What you have to do:
Could you count how many lines of the data include "boxes" and answer with the number only?

Data for this task:
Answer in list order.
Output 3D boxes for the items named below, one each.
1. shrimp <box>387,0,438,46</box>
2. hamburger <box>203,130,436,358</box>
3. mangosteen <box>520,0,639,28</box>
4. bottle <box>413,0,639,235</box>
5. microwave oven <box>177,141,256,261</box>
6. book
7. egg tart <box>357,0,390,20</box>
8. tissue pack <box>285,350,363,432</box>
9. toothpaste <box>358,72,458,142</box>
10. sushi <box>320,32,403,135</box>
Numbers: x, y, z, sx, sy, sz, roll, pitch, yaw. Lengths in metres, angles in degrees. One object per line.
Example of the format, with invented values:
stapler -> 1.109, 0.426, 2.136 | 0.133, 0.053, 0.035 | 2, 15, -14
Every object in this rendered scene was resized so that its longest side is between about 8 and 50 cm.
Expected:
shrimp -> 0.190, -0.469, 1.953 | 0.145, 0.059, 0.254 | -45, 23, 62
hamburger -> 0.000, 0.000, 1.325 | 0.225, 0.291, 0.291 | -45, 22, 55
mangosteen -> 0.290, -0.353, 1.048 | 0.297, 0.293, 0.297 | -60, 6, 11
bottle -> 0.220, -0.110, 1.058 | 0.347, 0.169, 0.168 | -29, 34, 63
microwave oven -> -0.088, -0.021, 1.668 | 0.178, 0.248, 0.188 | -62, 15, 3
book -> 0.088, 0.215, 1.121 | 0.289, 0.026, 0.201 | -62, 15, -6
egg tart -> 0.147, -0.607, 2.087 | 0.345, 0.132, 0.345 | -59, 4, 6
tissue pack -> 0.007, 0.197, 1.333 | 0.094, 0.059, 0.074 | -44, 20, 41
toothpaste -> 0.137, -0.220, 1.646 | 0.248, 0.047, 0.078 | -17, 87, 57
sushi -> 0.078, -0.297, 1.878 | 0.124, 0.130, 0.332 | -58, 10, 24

---

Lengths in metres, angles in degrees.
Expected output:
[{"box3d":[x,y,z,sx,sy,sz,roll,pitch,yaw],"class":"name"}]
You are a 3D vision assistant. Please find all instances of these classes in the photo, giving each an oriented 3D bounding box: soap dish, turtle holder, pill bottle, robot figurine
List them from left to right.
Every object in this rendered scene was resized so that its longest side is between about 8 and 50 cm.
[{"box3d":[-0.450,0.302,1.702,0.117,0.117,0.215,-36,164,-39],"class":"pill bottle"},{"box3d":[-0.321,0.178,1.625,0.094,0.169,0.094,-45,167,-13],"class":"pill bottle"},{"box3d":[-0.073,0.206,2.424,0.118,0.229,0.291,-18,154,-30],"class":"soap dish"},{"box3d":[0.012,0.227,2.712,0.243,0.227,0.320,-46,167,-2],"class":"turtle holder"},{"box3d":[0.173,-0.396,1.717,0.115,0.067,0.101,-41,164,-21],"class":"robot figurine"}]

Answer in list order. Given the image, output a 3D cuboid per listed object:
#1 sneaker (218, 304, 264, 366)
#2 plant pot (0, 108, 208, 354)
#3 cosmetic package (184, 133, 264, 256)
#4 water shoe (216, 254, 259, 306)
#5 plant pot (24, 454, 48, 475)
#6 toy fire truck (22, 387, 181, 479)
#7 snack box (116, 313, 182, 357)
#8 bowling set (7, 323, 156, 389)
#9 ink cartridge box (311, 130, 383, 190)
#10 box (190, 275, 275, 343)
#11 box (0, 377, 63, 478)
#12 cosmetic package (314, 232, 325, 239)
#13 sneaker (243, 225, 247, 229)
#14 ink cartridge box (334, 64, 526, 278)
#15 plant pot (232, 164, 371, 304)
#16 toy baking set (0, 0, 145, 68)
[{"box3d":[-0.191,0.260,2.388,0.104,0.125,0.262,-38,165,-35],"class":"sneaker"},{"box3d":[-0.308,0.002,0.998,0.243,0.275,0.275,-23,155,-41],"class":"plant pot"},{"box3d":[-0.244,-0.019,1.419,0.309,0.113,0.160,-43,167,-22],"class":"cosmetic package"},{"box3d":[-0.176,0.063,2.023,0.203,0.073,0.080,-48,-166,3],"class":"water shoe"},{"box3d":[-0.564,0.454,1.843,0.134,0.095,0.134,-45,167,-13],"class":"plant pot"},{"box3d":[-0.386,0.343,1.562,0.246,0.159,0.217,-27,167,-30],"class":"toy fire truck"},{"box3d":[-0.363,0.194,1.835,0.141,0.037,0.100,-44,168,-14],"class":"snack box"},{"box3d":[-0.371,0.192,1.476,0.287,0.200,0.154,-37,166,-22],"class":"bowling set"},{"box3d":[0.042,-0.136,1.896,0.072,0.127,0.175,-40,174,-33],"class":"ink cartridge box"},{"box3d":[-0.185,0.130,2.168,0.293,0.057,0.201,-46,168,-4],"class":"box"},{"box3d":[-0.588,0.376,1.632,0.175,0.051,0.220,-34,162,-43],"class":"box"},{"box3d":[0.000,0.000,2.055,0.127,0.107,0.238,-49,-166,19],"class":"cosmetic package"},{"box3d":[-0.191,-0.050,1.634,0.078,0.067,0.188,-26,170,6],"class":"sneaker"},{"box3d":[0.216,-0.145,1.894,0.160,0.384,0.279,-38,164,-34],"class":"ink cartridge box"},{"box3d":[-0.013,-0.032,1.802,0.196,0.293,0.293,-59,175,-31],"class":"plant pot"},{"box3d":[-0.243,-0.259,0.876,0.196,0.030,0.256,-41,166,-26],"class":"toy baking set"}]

---

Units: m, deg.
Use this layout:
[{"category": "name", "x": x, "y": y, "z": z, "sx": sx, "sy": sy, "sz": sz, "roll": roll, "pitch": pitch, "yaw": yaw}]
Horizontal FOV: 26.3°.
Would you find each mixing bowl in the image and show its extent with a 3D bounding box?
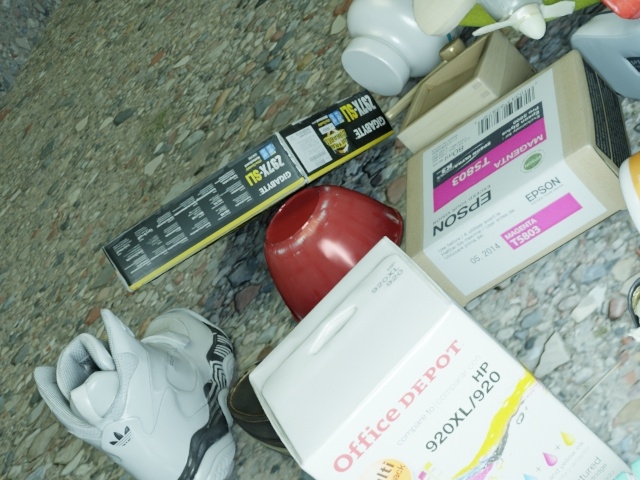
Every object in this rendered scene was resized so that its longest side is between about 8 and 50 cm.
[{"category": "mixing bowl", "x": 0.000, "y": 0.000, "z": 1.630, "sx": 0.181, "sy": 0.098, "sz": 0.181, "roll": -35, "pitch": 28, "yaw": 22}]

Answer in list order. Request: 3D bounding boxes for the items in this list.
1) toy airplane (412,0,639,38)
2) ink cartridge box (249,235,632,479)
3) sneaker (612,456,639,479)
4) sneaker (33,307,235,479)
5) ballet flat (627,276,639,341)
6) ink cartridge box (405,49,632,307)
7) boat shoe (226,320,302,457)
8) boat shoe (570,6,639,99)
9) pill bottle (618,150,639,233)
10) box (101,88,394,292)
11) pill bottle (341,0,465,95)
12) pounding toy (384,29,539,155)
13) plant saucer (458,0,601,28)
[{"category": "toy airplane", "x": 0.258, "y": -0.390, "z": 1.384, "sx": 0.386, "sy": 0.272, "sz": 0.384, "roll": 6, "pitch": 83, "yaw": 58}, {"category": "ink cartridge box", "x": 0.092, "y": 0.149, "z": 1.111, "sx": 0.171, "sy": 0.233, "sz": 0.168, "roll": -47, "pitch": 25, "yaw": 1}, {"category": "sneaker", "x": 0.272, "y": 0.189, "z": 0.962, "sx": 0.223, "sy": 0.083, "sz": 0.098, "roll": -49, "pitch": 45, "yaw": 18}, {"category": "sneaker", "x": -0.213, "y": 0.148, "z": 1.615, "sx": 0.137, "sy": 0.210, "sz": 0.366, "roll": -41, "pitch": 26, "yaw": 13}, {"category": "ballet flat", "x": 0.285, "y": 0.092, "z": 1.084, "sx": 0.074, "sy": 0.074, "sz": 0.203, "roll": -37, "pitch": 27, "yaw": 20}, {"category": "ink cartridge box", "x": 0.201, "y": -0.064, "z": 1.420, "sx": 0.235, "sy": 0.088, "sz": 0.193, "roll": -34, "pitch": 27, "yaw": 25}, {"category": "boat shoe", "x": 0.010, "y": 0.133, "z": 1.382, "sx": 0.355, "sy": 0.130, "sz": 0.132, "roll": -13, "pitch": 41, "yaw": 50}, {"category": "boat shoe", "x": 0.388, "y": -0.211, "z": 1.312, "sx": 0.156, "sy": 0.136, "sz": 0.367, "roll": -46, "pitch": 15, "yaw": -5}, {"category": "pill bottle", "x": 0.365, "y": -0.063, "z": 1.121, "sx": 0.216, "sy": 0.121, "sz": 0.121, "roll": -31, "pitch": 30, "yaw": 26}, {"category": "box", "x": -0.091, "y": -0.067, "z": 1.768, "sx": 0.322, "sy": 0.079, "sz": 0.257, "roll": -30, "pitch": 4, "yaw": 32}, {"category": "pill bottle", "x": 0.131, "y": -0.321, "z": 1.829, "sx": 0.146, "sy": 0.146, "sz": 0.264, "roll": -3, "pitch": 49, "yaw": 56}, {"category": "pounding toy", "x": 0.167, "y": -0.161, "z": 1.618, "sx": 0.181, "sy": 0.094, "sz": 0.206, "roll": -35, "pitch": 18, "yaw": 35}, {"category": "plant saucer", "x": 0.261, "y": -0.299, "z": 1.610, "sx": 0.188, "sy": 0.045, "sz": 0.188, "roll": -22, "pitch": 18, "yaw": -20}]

Exercise output:
2